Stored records

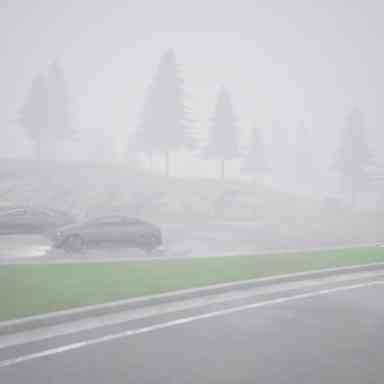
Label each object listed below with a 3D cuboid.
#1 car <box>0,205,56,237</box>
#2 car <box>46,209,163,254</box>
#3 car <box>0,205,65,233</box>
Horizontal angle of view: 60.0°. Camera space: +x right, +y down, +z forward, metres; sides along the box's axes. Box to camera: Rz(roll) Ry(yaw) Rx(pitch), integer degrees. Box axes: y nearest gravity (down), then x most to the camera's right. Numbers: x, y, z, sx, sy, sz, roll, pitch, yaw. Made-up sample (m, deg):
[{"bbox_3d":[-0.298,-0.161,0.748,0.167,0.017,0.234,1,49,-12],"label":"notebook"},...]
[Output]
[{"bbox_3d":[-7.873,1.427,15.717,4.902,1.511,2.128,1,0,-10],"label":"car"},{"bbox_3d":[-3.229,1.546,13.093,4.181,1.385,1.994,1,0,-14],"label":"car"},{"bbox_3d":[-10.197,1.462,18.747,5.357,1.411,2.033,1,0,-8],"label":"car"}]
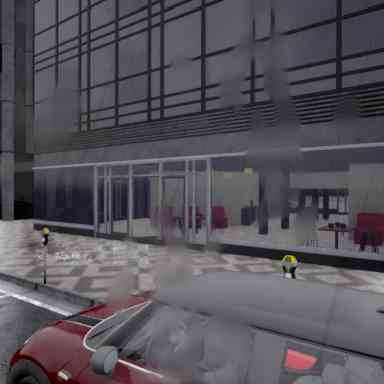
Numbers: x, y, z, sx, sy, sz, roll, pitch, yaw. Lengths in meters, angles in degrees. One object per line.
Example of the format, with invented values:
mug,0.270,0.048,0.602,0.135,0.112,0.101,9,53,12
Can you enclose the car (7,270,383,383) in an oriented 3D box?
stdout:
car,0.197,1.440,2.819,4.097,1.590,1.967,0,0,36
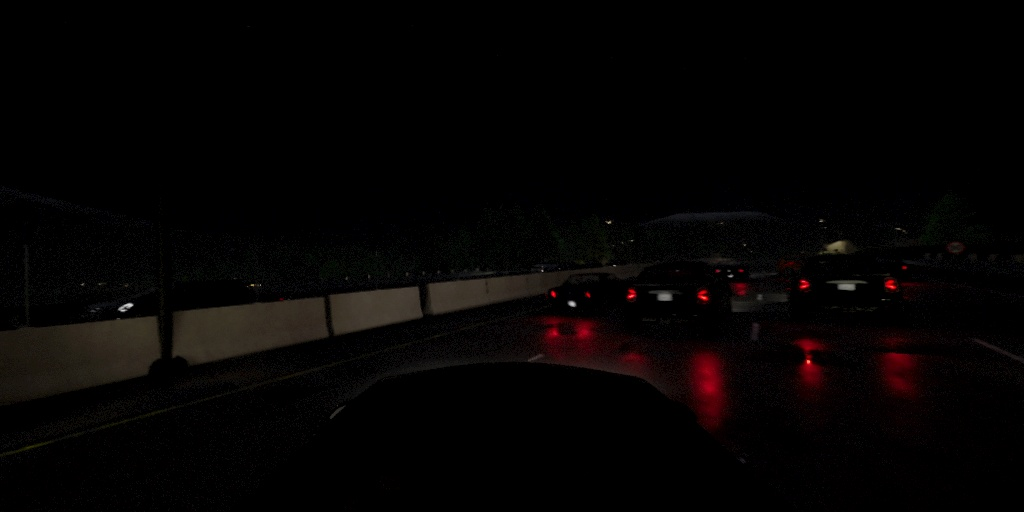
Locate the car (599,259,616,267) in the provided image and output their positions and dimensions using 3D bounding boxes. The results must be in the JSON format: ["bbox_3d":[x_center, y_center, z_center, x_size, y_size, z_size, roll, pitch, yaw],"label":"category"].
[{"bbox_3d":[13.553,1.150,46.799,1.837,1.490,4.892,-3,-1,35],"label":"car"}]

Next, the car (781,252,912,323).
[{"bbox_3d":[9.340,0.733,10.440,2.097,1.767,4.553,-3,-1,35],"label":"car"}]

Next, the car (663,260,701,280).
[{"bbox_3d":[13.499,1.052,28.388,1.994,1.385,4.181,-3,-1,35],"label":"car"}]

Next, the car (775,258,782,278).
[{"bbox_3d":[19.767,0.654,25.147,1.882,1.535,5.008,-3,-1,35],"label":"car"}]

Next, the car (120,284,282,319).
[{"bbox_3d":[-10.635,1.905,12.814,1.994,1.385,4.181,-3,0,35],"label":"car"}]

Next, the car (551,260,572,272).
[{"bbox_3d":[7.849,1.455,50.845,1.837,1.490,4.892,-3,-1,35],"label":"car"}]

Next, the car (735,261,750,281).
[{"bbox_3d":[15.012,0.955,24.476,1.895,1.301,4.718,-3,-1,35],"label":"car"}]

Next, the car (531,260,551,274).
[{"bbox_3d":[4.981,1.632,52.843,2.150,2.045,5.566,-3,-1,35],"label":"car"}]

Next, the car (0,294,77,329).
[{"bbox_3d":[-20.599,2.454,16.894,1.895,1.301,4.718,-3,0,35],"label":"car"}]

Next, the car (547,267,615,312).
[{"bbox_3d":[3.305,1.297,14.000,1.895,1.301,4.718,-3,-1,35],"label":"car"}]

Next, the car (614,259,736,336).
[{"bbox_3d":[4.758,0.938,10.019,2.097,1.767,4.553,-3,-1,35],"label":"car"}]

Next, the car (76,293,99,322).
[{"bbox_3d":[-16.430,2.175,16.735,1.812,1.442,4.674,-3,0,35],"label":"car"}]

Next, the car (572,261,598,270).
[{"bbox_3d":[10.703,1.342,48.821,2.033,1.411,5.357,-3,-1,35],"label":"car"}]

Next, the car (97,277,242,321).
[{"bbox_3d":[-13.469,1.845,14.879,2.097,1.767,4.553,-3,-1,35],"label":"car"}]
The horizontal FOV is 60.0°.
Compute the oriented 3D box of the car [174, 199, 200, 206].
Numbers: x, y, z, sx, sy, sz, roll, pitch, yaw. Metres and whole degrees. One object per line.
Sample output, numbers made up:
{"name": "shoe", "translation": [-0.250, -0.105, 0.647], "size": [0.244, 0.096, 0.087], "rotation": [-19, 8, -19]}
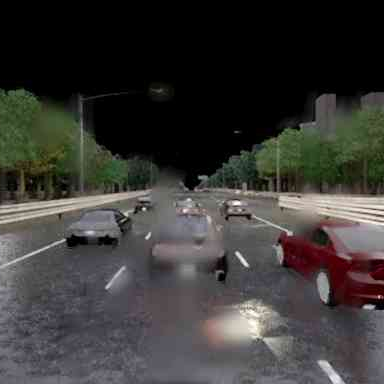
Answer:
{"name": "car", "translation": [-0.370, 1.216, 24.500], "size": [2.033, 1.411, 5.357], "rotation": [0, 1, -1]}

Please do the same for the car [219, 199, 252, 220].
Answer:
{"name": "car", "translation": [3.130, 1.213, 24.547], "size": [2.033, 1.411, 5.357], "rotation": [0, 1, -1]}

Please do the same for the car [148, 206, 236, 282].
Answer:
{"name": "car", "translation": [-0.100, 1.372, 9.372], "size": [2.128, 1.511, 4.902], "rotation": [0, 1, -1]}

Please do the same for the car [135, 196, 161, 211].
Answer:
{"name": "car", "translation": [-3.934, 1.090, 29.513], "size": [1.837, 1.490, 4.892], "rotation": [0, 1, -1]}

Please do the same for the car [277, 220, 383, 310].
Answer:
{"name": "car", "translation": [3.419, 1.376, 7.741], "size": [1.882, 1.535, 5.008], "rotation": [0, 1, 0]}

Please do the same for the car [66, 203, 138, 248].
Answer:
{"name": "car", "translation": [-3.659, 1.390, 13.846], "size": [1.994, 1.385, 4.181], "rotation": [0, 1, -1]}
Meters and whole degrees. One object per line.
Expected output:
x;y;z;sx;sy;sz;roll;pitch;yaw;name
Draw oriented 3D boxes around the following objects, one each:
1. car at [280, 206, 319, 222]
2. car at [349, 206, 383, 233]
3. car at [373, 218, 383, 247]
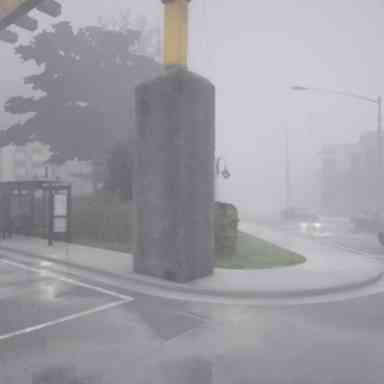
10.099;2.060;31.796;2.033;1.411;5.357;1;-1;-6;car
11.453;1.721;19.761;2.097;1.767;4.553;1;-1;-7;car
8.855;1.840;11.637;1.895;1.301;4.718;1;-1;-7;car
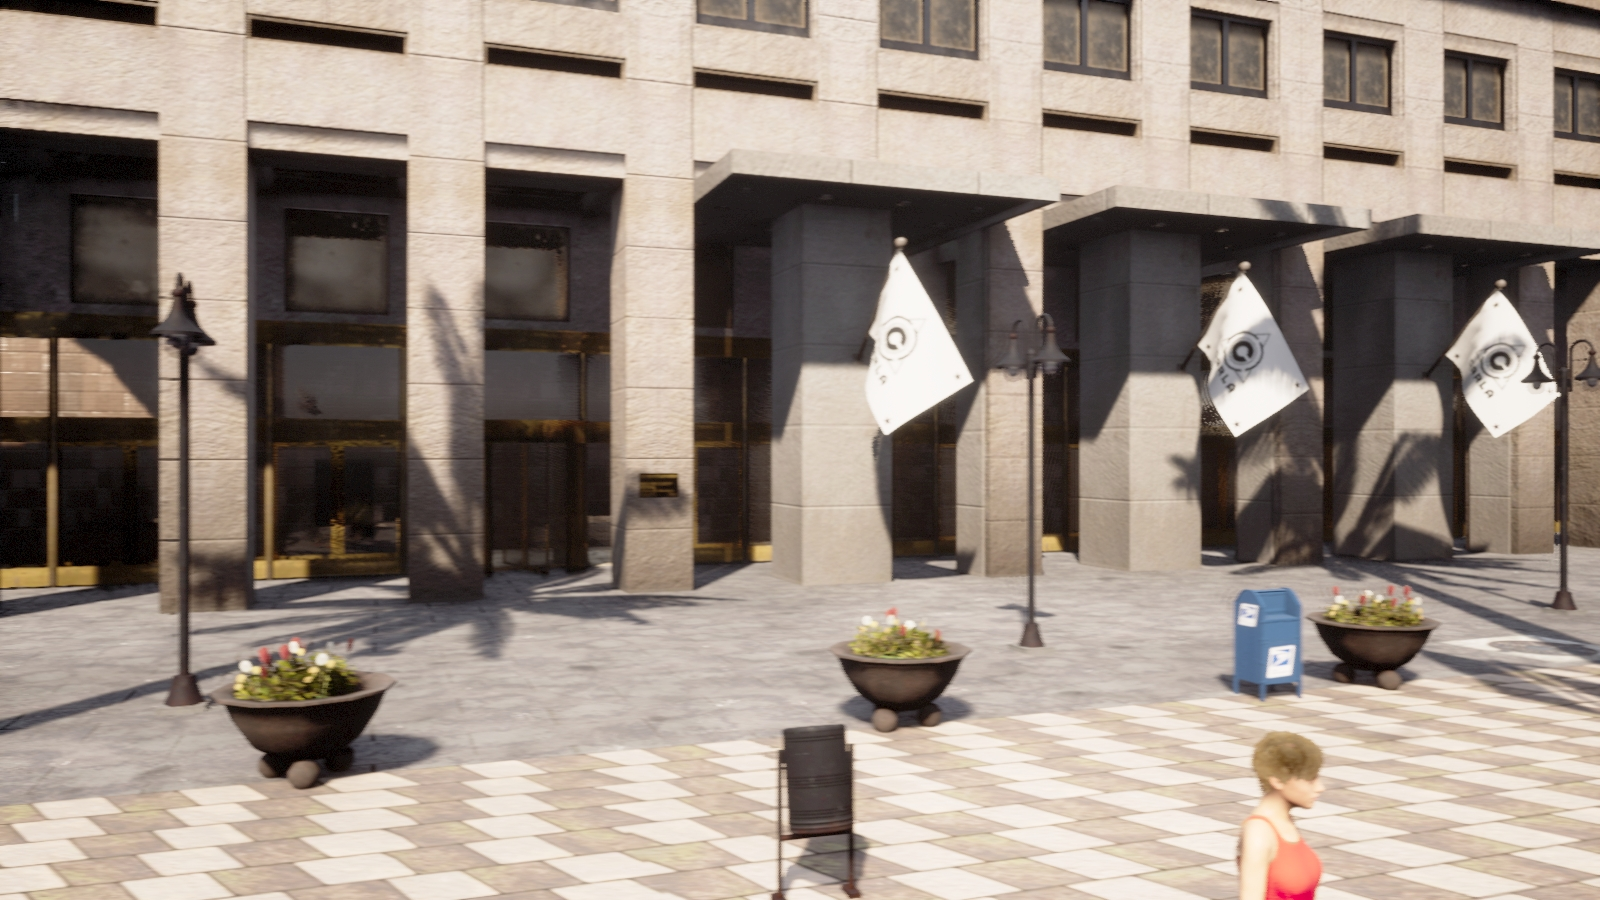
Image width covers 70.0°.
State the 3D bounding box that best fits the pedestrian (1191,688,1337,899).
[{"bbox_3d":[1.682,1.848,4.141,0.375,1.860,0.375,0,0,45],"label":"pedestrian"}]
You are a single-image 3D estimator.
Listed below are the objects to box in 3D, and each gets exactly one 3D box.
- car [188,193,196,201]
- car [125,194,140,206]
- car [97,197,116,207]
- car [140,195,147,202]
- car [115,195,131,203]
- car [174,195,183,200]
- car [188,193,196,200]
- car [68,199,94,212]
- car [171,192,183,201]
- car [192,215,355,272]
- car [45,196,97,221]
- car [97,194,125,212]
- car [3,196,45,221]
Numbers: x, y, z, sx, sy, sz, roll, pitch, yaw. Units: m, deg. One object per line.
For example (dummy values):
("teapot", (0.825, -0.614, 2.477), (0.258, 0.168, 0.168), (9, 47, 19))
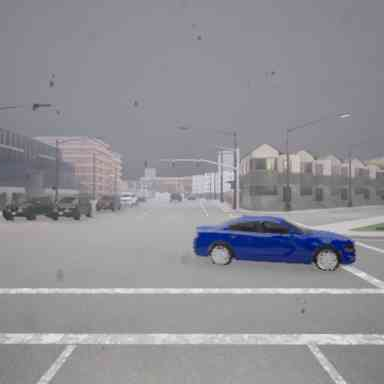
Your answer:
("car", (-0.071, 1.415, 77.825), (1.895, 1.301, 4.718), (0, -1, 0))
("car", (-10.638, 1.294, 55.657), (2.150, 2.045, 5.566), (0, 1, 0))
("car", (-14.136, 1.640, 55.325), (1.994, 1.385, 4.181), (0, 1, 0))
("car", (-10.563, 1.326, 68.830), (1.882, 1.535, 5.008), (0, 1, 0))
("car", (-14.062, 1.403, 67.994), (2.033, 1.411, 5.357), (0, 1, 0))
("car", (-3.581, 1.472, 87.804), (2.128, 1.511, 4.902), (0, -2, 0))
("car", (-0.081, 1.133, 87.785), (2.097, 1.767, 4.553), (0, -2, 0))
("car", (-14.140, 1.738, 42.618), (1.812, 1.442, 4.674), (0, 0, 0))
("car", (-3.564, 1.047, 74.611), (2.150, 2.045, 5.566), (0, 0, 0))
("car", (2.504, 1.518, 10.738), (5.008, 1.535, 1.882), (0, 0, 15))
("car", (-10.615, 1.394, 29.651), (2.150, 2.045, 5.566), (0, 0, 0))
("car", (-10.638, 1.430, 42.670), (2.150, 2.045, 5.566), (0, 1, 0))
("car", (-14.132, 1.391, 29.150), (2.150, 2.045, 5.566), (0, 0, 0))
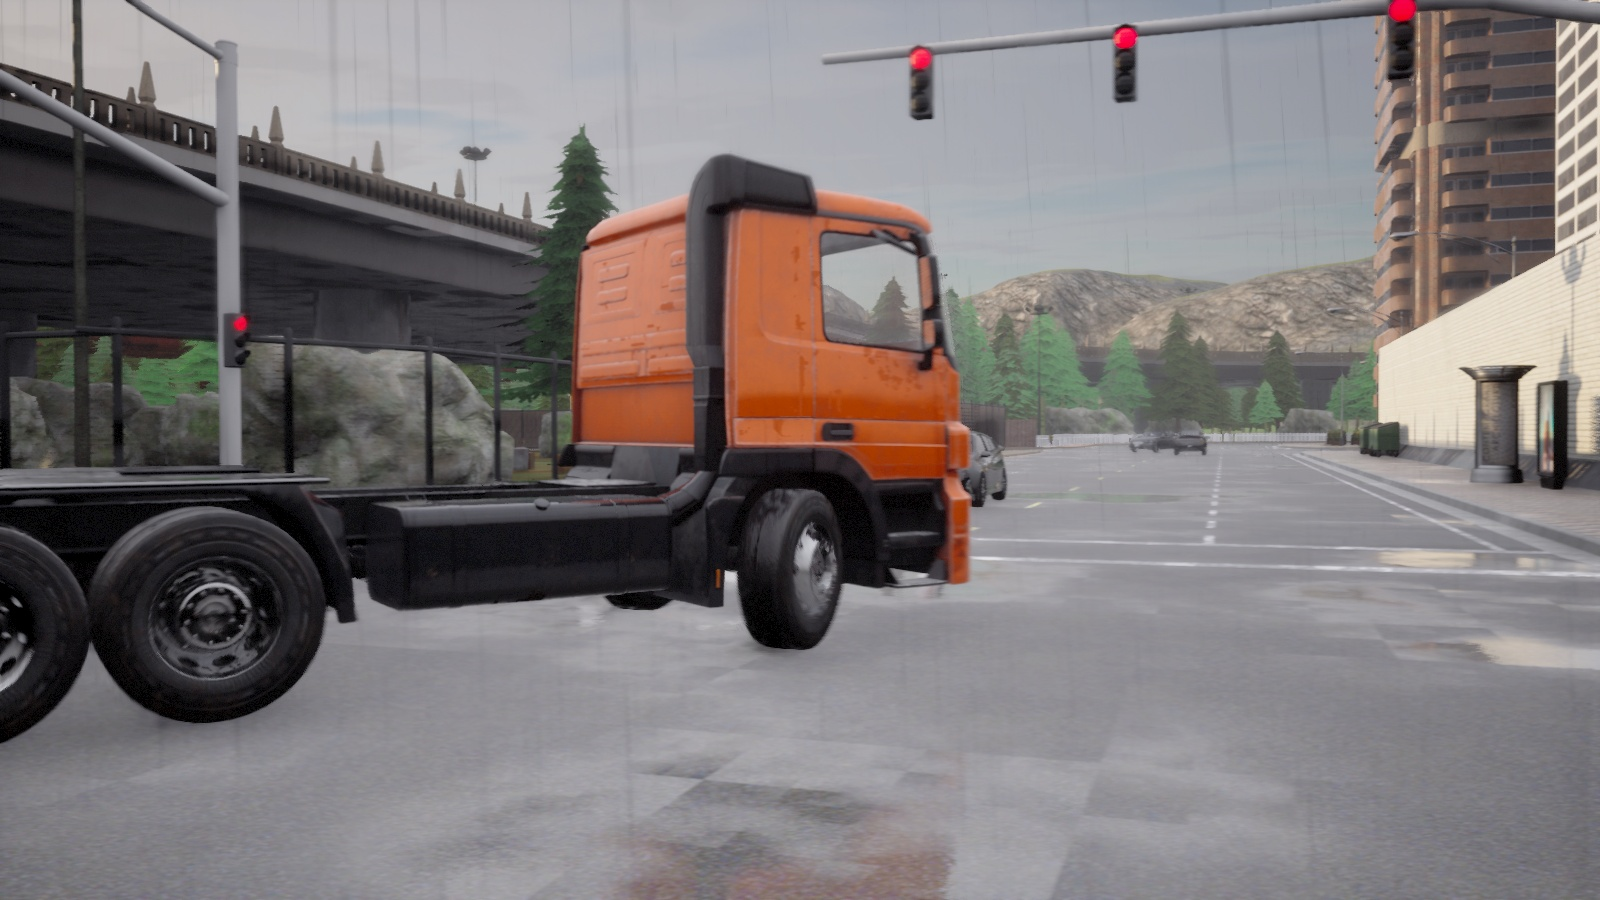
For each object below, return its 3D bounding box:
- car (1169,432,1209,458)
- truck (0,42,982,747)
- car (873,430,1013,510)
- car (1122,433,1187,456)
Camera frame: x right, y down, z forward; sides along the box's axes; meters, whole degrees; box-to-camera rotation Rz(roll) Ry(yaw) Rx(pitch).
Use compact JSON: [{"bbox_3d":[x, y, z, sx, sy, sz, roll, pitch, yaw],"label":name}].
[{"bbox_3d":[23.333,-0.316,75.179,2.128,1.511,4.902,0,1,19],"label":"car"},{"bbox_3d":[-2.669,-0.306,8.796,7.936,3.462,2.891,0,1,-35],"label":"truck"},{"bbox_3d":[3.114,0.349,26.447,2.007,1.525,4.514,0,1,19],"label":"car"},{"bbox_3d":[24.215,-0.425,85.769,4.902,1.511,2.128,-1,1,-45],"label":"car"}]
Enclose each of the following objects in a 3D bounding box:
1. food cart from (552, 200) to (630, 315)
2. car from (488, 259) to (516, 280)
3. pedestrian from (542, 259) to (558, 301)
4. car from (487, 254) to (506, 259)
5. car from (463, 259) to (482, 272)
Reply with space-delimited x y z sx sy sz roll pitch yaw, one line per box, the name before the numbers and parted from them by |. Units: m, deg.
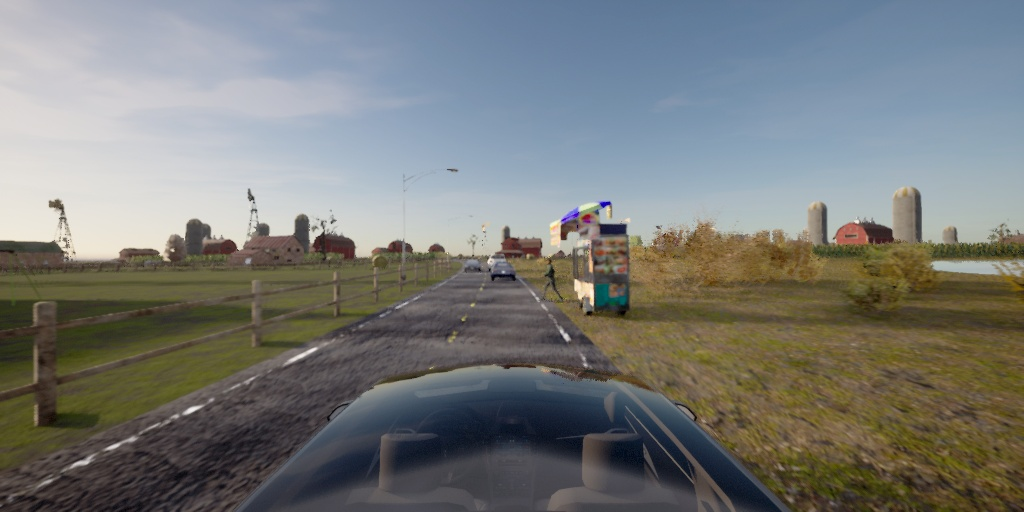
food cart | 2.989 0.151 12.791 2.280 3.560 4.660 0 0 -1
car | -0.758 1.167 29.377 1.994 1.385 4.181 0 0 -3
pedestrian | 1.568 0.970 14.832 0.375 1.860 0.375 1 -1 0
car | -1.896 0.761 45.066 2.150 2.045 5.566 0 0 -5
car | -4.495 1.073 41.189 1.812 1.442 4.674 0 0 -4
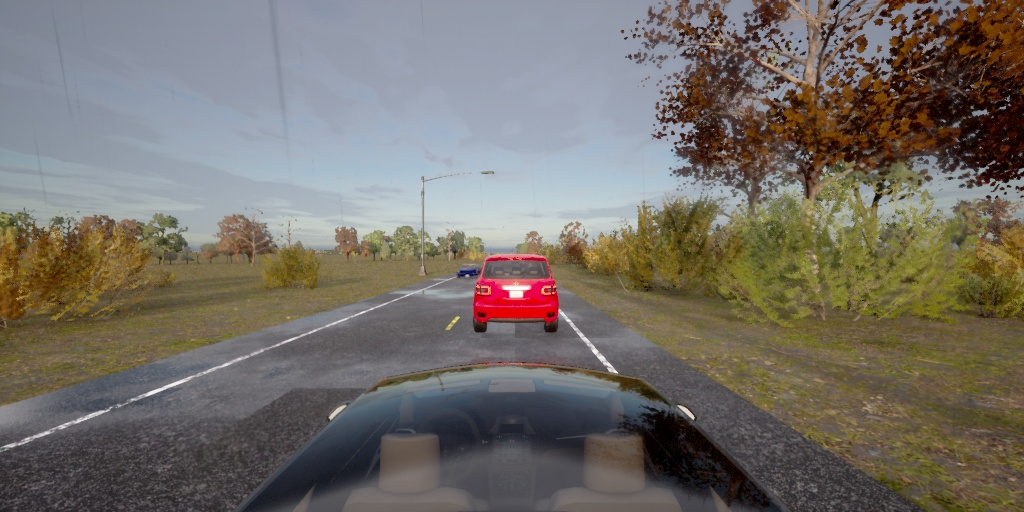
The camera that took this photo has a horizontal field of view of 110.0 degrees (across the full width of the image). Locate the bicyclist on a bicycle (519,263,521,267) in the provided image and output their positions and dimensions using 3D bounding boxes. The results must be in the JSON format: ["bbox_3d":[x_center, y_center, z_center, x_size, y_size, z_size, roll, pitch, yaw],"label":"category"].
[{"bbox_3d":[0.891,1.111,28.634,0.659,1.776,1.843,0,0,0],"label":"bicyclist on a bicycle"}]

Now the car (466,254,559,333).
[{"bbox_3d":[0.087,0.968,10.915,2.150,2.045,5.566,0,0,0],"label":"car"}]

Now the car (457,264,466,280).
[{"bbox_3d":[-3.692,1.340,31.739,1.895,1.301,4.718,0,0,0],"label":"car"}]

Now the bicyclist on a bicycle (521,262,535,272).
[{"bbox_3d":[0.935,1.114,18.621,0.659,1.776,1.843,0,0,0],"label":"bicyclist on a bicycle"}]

Task details ->
All lines above from the one containing "Please do the same for the car [135, 196, 161, 211]." up to and including the one containing "- car [140,195,147,202]" are to be set down exactly, and nothing else. Leave images out.

Response to the exercise ->
Please do the same for the car [135, 196, 161, 211].
Answer:
{"name": "car", "translation": [-3.934, 1.090, 29.513], "size": [1.837, 1.490, 4.892], "rotation": [0, 1, -1]}

Please do the same for the car [277, 220, 383, 310].
Answer:
{"name": "car", "translation": [3.419, 1.376, 7.741], "size": [1.882, 1.535, 5.008], "rotation": [0, 1, 0]}

Please do the same for the car [66, 203, 138, 248].
Answer:
{"name": "car", "translation": [-3.659, 1.390, 13.846], "size": [1.994, 1.385, 4.181], "rotation": [0, 1, -1]}
Meters and whole degrees. One object per line.
Expected output:
x;y;z;sx;sy;sz;roll;pitch;yaw;name
Draw oriented 3D boxes around the following objects, one each:
1. car at [280, 206, 319, 222]
2. car at [349, 206, 383, 233]
3. car at [373, 218, 383, 247]
10.099;2.060;31.796;2.033;1.411;5.357;1;-1;-6;car
11.453;1.721;19.761;2.097;1.767;4.553;1;-1;-7;car
8.855;1.840;11.637;1.895;1.301;4.718;1;-1;-7;car
Image width covers 70.0°.
State the 3D bounding box that best fits the pedestrian (1191,688,1337,899).
[{"bbox_3d":[1.682,1.848,4.141,0.375,1.860,0.375,0,0,45],"label":"pedestrian"}]
You are a single-image 3D estimator.
Listed below are the objects to box in 3D, and each gets exactly one 3D box.
- car [188,193,196,201]
- car [125,194,140,206]
- car [97,197,116,207]
- car [140,195,147,202]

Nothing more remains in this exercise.